-- MATERIAL SHOWN follows --
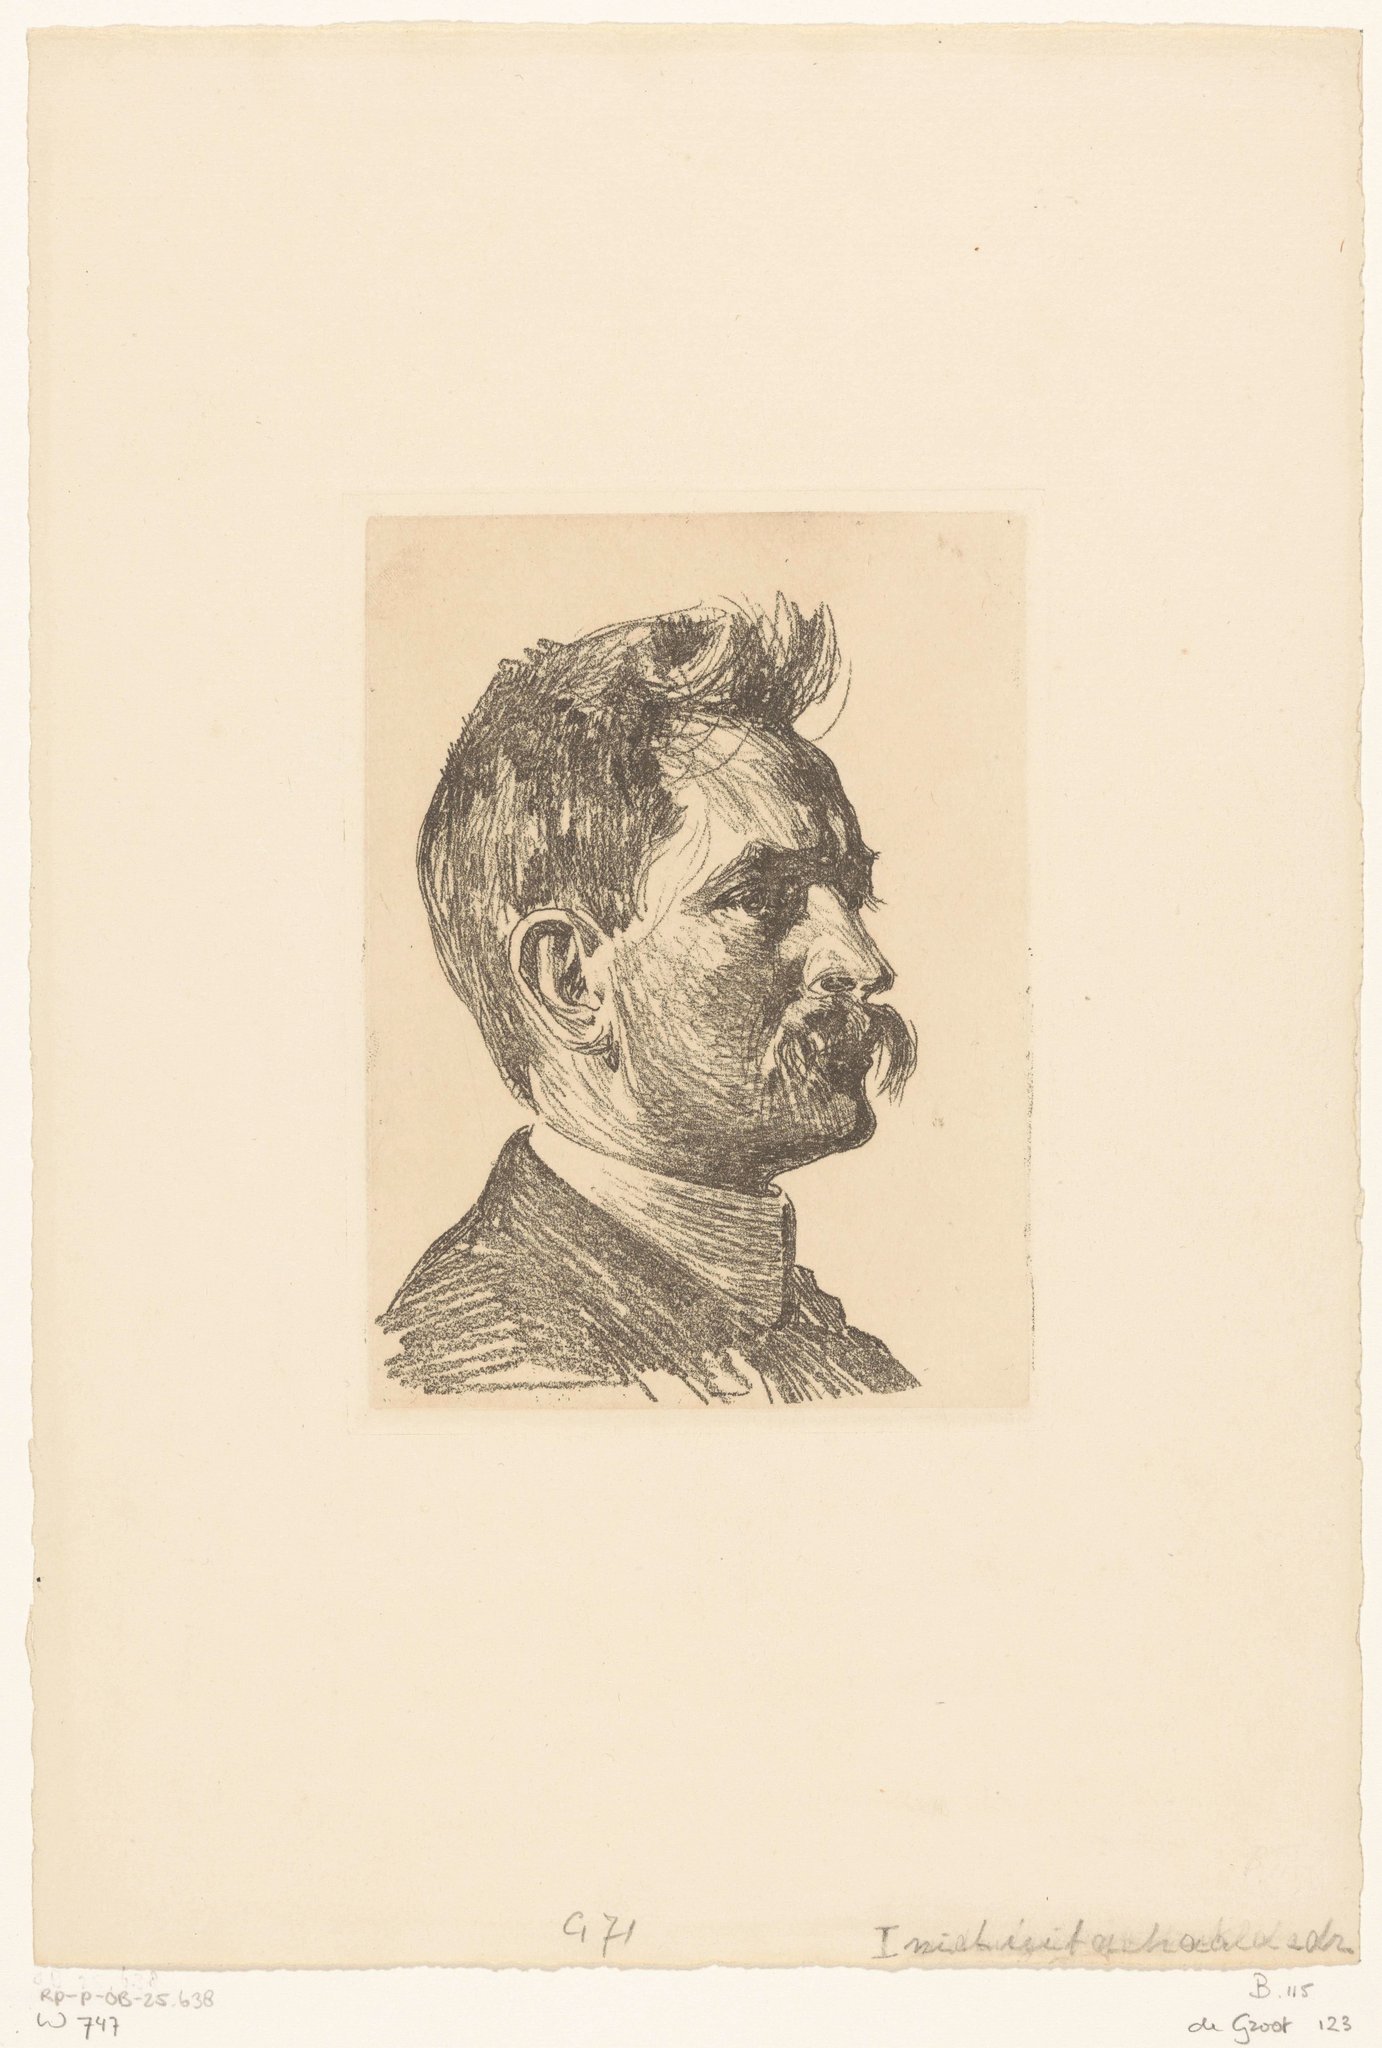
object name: print
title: Portret van Jan Hofker
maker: willem witsen
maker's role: draughtsman, painter, print maker
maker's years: 1860-1923
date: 1905
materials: paper
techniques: soft ground etching
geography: amsterdam
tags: portrait of a writer
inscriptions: watermark, inscription: ‘I niet uitgehaalde dr.’
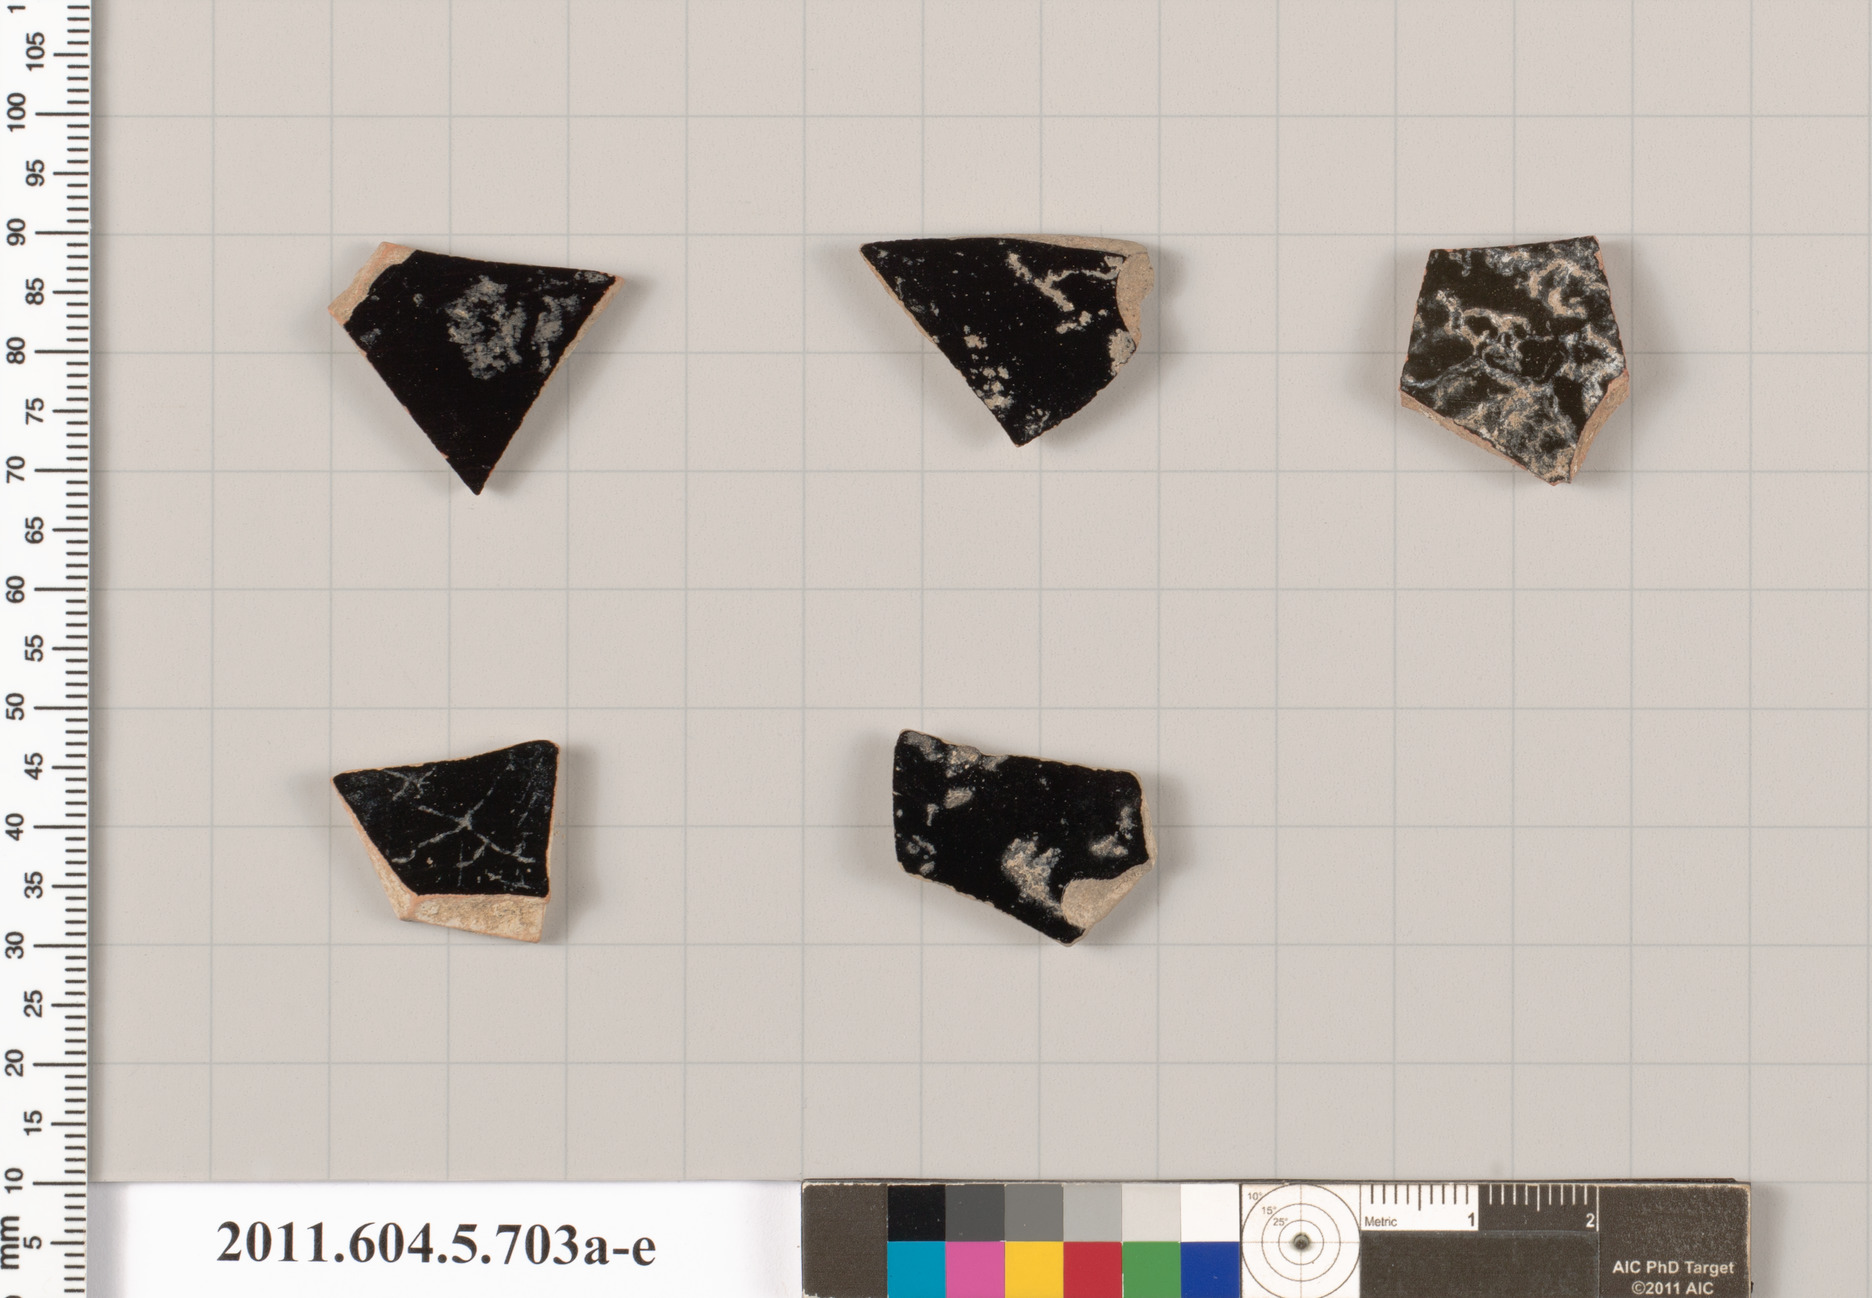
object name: kylix fragment
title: Terracotta fragments of kylikes (drinking cups)
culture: greek, attic
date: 600-401 BCE
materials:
-- MATERIAL SHOWN concluded --
*REQUIRED WORK*:
Repeat every line above precisely; pictures do not belong in the copy.

*FINISHED EXERCISE*:
object name: print
title: Portret van Jan Hofker
maker: willem witsen
maker's role: draughtsman, painter, print maker
maker's years: 1860-1923
date: 1905
materials: paper
techniques: soft ground etching
geography: amsterdam
tags: portrait of a writer
inscriptions: watermark, inscription: ‘I niet uitgehaalde dr.’
object name: kylix fragment
title: Terracotta fragments of kylikes (drinking cups)
culture: greek, attic
date: 600-401 BCE
materials:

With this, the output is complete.